Get the HTML document from Wikipedia
wikipedia_page <- read_html(‘https://en.wikipedia.org/wiki/Varigotti’)
Parse the document and extract the elevation from it
wikipedia_page %>%
html_nodes(‘table tr:nth-child(9) > td’) %>%
html_text()
As you have learned in the video, read_html() actually issues an HTTP GET request if provided with a URL, like in this case.
The goal of this exercise is to replicate the same query without read_html(), but with httr methods instead.
Note: Usually rvest does the job, but if you want to customize requests like you’ll be shown later in this chapter, you’ll need to know the httr way.
For a little repetition, you’ll also translate the CSS selector used in html_nodes() into an XPATH query.

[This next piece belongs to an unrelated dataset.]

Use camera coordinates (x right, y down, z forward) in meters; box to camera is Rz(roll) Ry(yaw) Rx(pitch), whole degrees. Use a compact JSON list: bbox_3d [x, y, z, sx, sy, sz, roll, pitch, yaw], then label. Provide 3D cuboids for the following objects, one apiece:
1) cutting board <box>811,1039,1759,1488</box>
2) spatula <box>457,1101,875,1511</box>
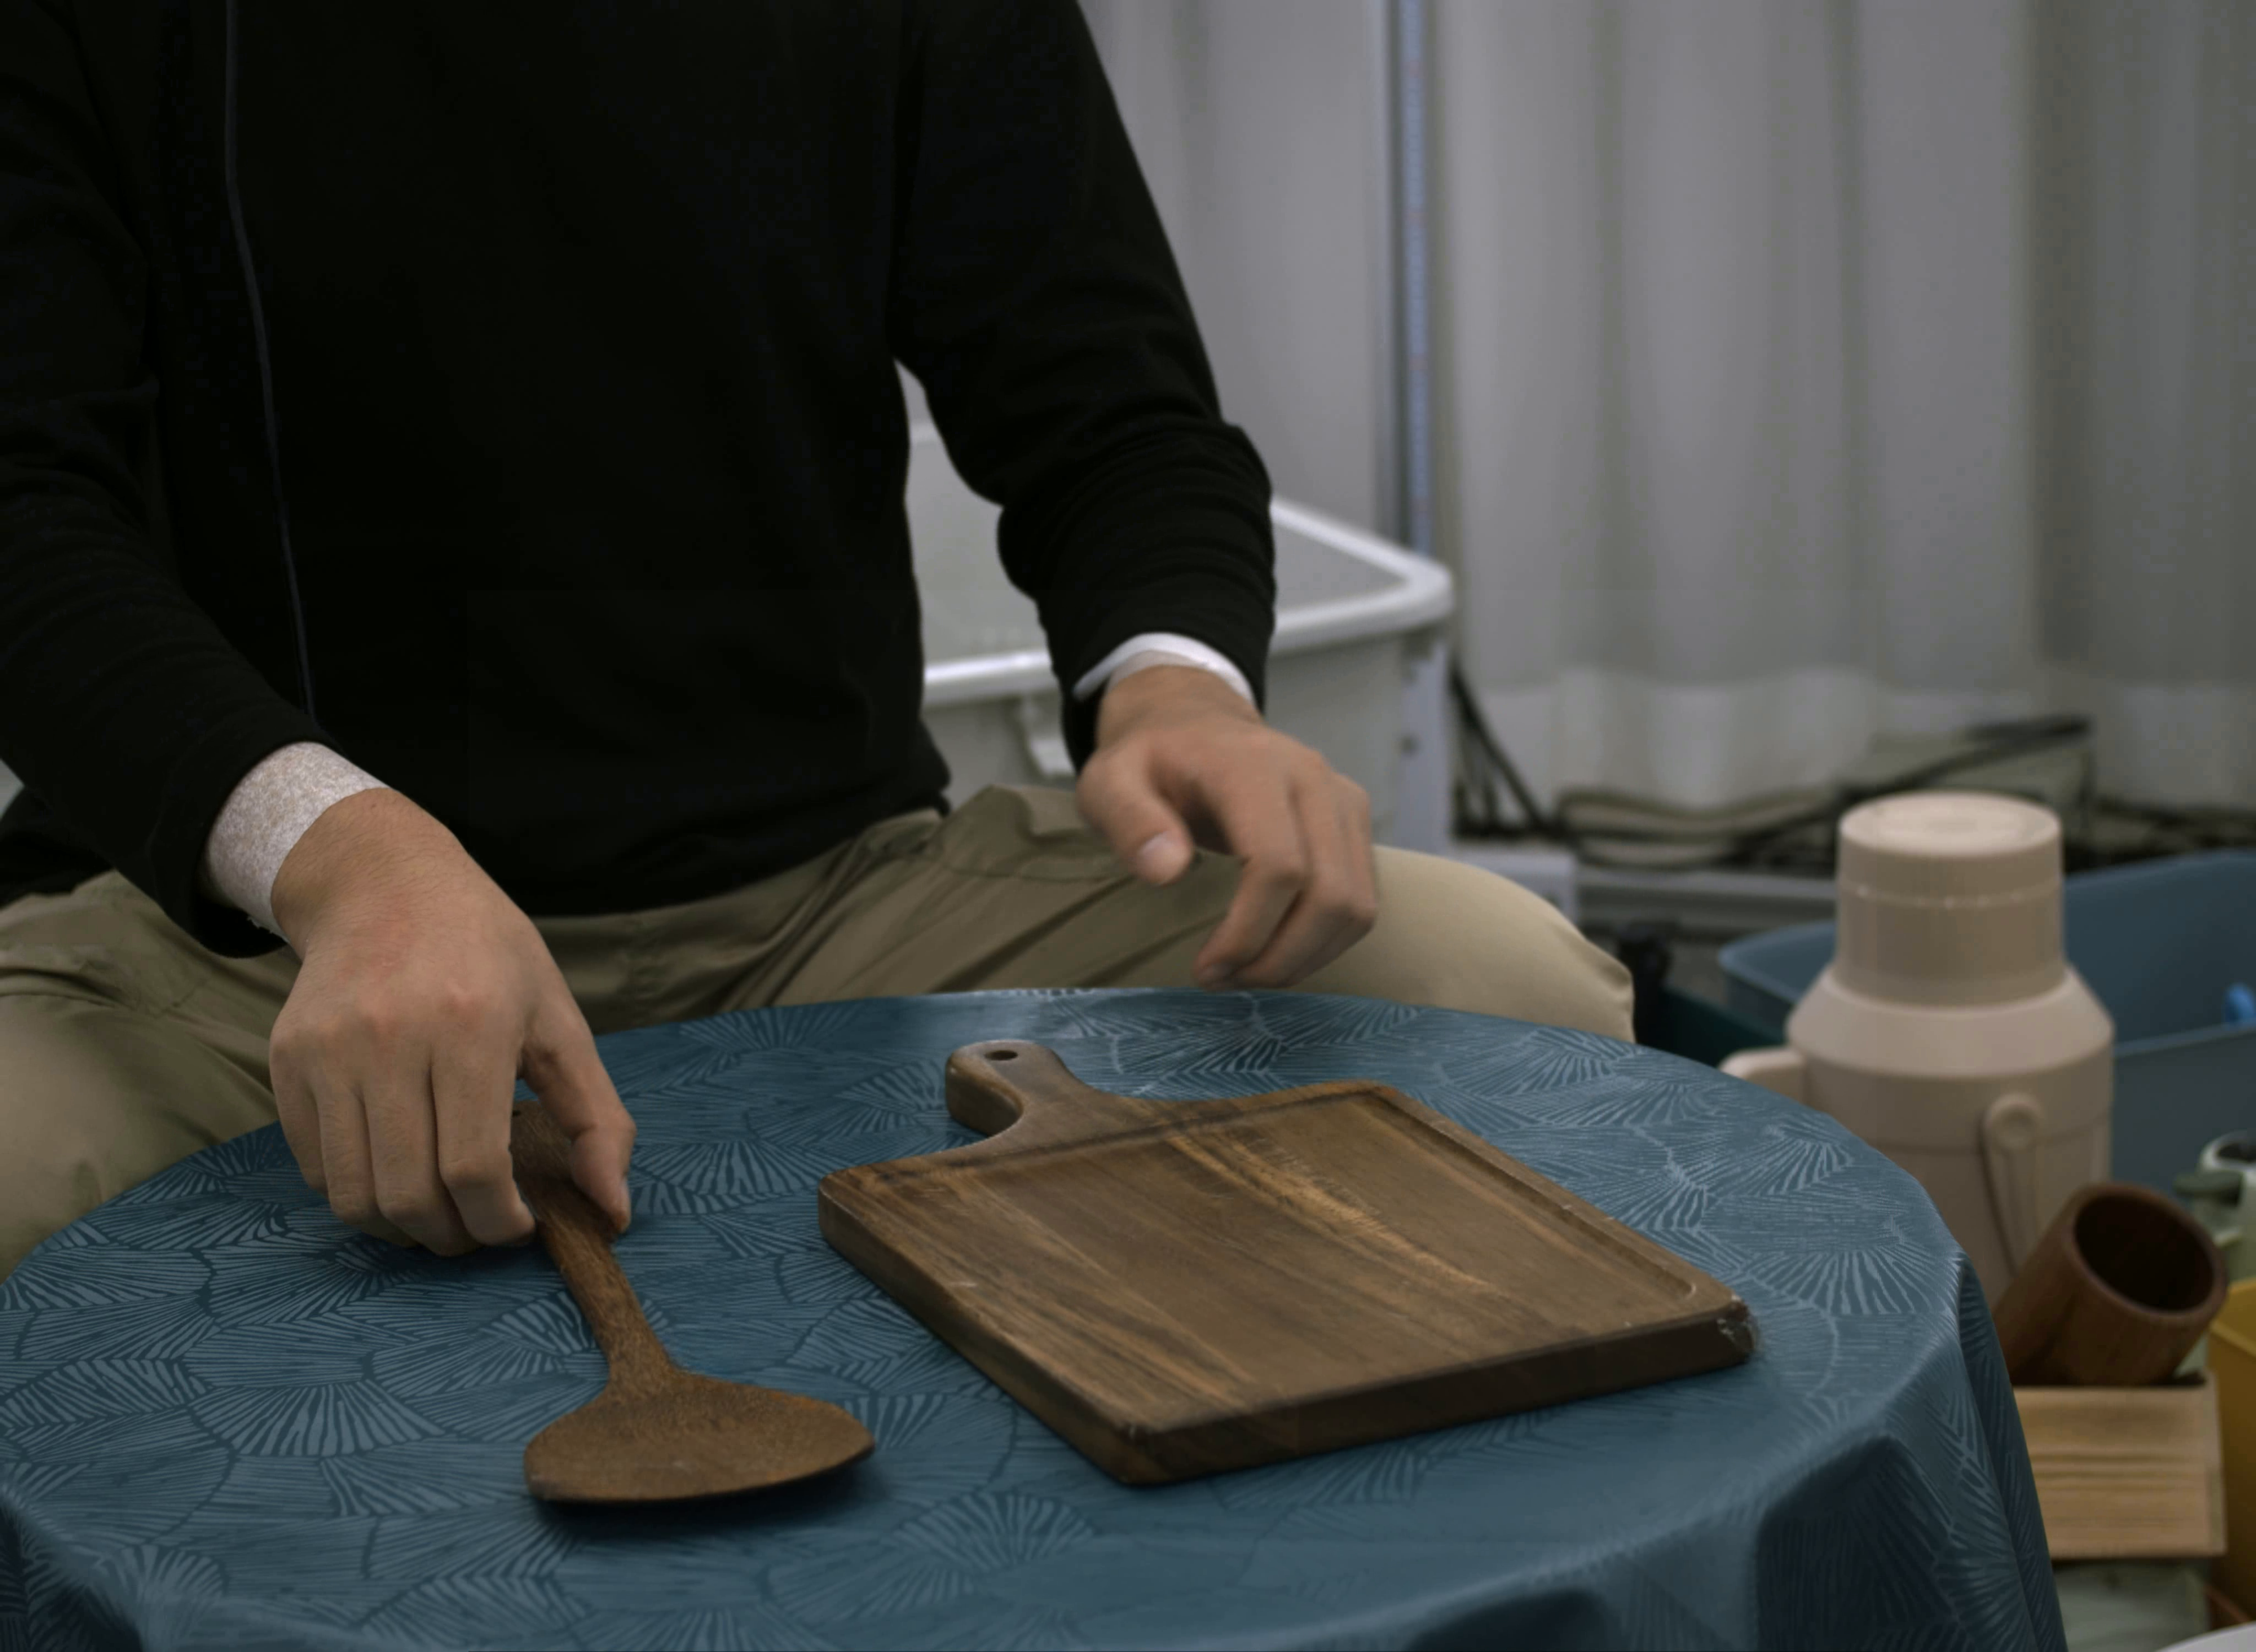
[{"bbox_3d":[0.021,0.118,1.656,0.200,0.023,0.355,-9,16,-22],"label":"cutting board"},{"bbox_3d":[-0.159,0.136,1.633,0.095,0.016,0.389,-6,15,-14],"label":"spatula"}]

# Get the HTML document from Wikipedia using httr
wikipedia_response <- GET('https://en.wikipedia.org/wiki/Varigotti')
# Parse the response into an HTML doc
wikipedia_page <- content(wikipedia_response)
# Check the status code of the response
status_code(wikipedia_response)
# Get the HTML document from Wikipedia using httr
wikipedia_response <- GET('https://en.wikipedia.org/wiki/Varigotti')
# Parse the response into an HTML doc
wikipedia_page <- content(wikipedia_response)
# Check the status code of the response
status_code(wikipedia_response)
# Extract the altitude with XPATH
wikipedia_page %>%
html_nodes(xpath = '//table//tr[position() = 9]/td') %>%
html_text()